◆ Exercise objective:
What you return should be the lines of the data containing "extrude", each in full.

◆ Data section:
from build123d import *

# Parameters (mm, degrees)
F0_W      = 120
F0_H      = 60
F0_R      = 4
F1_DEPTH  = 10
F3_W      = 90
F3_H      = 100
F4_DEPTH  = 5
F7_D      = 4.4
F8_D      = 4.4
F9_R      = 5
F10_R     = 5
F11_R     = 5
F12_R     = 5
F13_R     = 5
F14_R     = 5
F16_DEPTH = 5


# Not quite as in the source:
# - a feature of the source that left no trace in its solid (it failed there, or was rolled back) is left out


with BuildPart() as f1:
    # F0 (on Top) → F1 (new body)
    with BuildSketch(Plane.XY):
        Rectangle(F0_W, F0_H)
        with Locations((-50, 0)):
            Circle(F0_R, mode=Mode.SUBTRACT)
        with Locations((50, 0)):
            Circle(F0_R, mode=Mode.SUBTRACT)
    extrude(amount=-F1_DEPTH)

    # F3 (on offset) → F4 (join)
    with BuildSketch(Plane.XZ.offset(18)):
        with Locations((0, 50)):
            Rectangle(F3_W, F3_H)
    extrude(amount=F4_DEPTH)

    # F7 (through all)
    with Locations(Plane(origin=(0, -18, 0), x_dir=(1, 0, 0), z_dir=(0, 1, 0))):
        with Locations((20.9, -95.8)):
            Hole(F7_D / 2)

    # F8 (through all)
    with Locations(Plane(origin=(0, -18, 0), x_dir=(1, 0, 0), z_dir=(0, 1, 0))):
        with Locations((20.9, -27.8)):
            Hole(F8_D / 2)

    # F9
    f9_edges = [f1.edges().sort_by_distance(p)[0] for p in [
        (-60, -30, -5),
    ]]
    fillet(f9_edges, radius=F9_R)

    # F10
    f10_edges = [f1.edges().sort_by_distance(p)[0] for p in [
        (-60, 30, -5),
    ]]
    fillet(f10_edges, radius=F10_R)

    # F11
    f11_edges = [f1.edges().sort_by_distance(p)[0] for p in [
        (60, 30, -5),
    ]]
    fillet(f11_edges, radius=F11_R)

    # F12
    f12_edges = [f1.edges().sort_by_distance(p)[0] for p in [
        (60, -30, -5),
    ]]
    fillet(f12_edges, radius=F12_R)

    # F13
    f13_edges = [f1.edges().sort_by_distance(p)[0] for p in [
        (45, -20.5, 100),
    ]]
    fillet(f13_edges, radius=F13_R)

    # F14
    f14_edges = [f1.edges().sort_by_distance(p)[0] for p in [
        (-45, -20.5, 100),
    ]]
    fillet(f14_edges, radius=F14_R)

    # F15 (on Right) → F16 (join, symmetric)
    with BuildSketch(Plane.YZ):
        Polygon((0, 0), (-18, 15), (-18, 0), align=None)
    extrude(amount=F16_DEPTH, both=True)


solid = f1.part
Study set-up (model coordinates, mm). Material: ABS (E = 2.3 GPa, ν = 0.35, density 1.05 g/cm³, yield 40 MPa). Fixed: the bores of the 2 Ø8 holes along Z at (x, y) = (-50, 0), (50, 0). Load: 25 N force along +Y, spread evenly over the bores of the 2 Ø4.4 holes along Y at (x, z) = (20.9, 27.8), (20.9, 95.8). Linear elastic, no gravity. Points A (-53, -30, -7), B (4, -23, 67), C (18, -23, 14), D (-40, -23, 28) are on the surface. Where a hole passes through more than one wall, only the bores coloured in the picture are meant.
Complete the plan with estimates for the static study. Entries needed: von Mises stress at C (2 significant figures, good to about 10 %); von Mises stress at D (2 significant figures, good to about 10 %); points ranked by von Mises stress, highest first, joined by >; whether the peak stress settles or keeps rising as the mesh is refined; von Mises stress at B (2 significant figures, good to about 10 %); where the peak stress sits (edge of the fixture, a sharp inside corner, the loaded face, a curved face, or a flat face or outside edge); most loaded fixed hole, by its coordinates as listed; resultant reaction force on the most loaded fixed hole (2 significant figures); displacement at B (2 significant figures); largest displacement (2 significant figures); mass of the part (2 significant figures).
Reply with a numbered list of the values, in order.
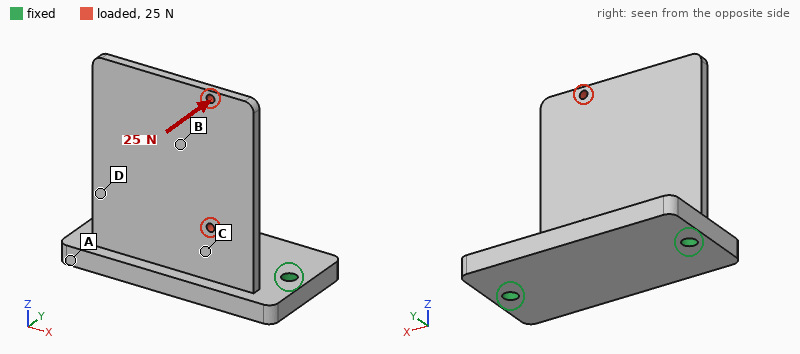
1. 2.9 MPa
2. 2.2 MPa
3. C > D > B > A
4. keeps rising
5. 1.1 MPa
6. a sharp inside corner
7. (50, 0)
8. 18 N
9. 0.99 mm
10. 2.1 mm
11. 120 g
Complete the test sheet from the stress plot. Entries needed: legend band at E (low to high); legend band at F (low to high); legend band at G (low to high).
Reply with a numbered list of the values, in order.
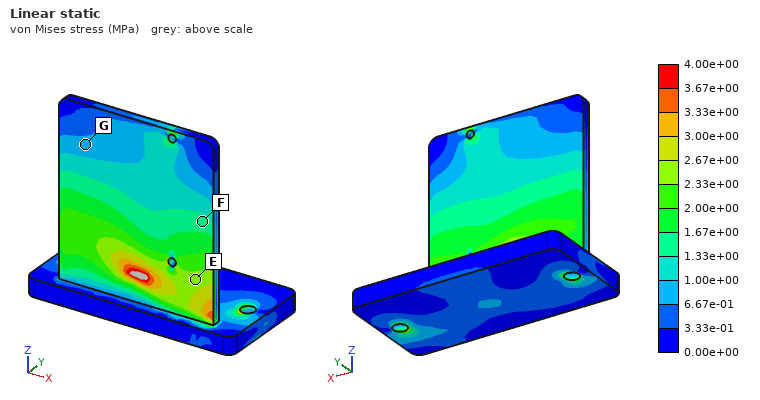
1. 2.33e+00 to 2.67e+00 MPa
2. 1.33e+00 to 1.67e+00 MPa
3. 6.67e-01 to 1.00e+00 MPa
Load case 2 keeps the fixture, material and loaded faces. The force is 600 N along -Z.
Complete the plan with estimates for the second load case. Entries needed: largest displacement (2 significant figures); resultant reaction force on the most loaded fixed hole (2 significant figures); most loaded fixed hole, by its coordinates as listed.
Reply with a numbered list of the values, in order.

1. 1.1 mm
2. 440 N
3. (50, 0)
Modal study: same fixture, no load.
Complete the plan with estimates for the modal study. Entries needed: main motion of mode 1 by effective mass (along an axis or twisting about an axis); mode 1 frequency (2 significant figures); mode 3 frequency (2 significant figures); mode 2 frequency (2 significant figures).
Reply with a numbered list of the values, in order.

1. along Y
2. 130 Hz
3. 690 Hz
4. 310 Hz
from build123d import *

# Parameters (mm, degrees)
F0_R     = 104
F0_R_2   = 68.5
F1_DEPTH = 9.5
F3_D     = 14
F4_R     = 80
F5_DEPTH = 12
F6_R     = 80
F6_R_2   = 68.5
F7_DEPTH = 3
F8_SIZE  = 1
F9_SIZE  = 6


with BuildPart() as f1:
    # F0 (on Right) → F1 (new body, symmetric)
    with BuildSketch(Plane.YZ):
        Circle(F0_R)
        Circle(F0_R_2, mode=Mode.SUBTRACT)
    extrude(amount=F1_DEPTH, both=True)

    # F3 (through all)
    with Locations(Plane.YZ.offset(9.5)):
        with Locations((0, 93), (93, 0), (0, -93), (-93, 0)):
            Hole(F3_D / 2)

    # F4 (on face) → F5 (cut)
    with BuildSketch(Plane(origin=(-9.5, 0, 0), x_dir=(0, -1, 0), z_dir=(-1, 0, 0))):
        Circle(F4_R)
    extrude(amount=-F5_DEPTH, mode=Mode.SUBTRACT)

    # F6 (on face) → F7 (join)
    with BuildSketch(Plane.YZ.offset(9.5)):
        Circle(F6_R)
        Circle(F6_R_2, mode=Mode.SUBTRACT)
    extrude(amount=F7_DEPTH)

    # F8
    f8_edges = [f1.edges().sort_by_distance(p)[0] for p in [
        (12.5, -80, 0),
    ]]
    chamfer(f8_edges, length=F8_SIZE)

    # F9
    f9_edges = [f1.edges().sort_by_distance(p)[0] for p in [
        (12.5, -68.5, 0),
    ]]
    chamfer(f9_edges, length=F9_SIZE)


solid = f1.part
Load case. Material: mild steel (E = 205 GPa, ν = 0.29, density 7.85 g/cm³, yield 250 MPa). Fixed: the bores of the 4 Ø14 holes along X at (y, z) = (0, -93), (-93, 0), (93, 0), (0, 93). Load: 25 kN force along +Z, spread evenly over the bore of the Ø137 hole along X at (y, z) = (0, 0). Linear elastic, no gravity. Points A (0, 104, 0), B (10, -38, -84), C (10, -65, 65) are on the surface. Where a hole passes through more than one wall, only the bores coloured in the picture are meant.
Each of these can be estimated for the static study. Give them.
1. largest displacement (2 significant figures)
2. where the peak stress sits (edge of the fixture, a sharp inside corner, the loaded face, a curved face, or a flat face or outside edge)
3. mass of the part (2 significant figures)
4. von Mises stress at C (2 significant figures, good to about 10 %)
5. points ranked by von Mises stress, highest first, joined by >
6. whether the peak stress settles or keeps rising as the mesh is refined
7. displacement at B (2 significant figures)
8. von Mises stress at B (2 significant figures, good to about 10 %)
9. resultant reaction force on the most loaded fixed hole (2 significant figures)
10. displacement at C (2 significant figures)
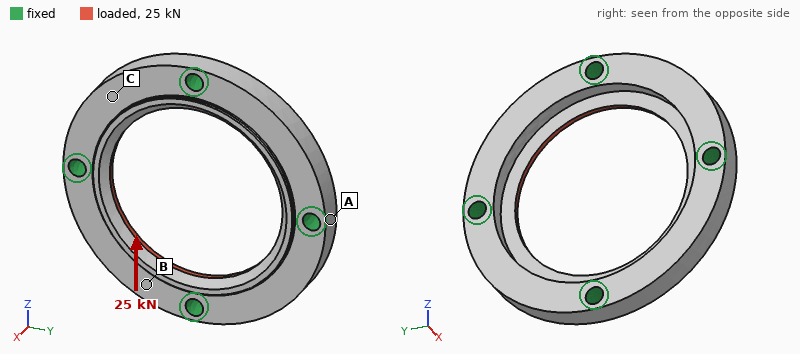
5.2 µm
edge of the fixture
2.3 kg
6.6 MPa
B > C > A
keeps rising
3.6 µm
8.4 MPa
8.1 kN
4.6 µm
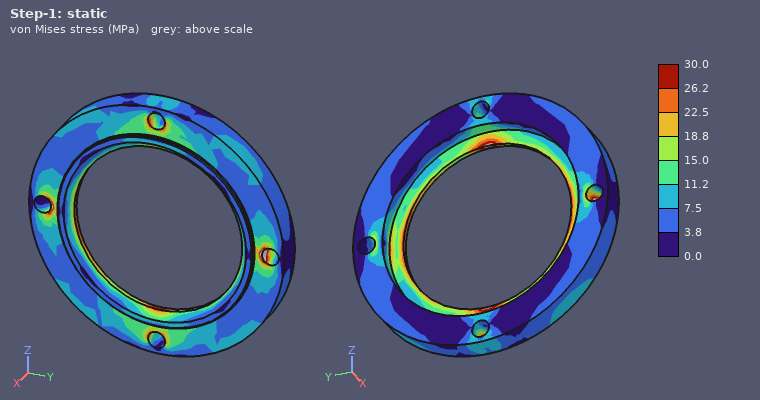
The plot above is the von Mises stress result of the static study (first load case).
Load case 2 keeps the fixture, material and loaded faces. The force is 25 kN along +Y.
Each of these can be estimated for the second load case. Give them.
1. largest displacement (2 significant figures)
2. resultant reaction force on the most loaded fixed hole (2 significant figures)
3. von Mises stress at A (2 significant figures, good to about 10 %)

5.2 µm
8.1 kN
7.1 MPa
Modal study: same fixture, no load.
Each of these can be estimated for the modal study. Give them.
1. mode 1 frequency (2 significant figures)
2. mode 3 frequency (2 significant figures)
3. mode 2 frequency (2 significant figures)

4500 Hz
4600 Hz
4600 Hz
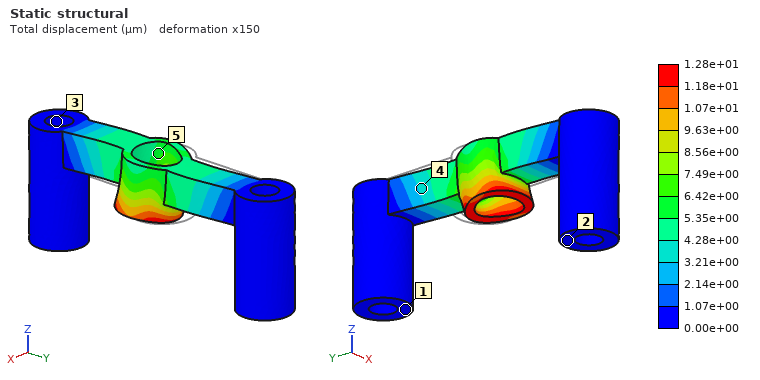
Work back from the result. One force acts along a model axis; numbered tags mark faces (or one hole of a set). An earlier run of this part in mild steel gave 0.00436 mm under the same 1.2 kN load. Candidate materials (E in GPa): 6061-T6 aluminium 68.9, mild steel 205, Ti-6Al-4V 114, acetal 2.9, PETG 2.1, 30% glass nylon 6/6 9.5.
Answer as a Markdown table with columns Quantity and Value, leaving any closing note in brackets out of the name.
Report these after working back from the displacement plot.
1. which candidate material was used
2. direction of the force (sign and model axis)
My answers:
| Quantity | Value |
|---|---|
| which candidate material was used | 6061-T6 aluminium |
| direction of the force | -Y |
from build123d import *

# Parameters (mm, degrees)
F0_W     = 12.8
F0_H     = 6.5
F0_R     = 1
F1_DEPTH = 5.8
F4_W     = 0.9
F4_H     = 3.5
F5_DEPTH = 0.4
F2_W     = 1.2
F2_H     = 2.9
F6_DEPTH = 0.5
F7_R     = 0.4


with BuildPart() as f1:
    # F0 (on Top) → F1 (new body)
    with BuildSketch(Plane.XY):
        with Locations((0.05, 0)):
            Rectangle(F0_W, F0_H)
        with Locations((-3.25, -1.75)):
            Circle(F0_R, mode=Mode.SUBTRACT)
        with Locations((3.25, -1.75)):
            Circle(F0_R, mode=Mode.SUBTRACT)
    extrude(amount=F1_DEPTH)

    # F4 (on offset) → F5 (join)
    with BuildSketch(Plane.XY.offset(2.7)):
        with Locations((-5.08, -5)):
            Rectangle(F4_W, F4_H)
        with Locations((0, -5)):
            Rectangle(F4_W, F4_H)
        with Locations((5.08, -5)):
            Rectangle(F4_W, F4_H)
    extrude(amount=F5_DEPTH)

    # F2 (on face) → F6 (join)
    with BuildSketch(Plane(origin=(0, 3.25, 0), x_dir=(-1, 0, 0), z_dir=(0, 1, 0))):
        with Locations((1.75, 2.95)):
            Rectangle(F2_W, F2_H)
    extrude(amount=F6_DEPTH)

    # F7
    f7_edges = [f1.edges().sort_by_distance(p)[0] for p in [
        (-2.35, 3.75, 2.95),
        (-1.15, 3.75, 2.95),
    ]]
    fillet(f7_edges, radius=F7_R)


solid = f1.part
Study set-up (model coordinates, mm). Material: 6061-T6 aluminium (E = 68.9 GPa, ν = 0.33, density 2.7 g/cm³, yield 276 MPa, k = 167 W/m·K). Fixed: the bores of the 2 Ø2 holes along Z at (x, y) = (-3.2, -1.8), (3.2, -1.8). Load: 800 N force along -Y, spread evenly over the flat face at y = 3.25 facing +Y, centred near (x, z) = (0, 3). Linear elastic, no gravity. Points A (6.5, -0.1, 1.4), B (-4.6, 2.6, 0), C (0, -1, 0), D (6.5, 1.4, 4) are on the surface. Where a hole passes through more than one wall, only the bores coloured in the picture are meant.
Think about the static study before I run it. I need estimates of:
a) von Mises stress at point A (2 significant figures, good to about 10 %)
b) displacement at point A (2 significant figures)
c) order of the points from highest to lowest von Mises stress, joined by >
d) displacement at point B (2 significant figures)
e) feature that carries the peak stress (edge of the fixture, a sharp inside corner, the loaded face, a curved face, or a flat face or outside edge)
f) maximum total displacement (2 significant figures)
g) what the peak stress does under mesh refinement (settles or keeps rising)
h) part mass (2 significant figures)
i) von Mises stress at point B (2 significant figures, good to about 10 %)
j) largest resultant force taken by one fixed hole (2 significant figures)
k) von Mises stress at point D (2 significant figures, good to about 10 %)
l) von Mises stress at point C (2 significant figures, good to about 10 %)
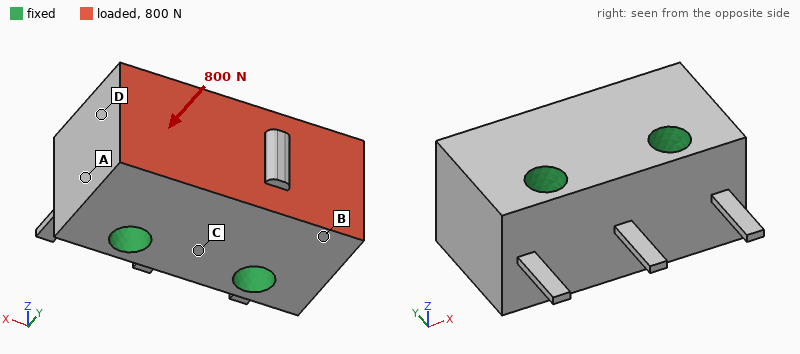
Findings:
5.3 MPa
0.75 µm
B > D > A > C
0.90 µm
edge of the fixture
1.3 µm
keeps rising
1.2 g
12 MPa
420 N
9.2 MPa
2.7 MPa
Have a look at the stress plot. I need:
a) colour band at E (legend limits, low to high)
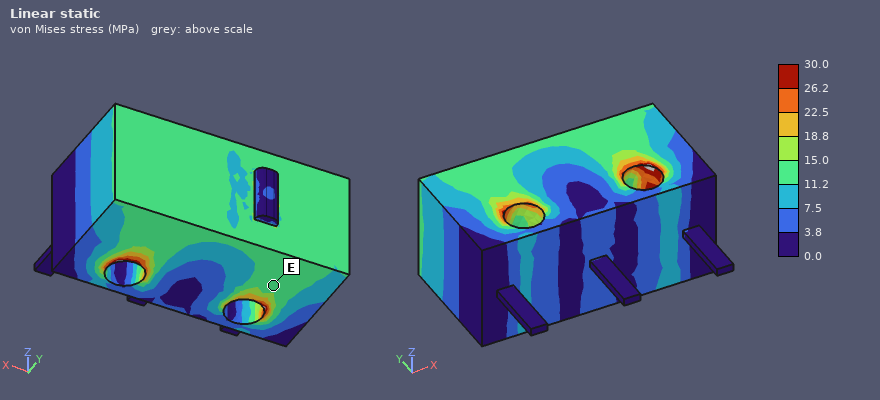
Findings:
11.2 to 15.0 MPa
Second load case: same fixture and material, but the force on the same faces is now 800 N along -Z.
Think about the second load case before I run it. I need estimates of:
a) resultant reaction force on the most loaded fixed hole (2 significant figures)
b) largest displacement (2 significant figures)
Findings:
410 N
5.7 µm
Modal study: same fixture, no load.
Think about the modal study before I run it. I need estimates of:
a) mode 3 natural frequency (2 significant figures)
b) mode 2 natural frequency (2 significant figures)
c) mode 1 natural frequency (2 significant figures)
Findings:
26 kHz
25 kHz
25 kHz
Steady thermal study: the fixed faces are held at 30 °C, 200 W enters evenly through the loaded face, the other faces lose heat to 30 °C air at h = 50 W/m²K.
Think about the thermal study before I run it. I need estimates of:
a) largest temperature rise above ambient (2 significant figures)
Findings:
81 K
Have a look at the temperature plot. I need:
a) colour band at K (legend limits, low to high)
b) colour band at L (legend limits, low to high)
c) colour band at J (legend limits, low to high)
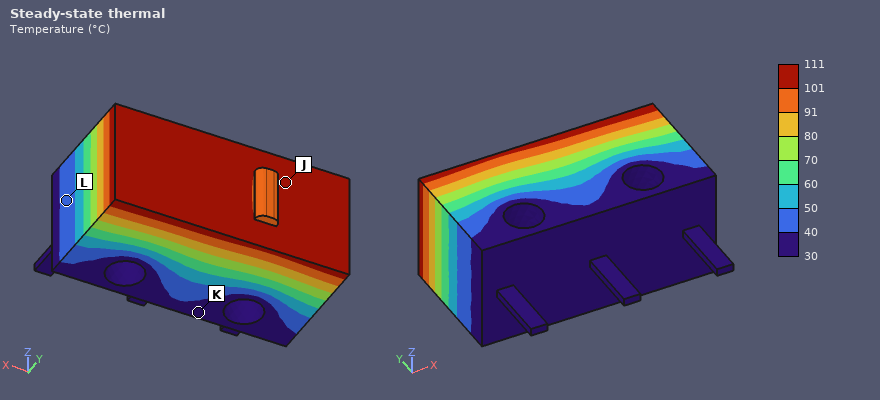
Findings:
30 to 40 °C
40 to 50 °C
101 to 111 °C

◆ Exercise answer:
    extrude(amount=-F1_DEPTH)
    extrude(amount=F4_DEPTH)
    extrude(amount=F16_DEPTH, both=True)
    extrude(amount=F1_DEPTH, both=True)
    extrude(amount=-F5_DEPTH, mode=Mode.SUBTRACT)
    extrude(amount=F7_DEPTH)
    extrude(amount=F1_DEPTH)
    extrude(amount=F5_DEPTH)
    extrude(amount=F6_DEPTH)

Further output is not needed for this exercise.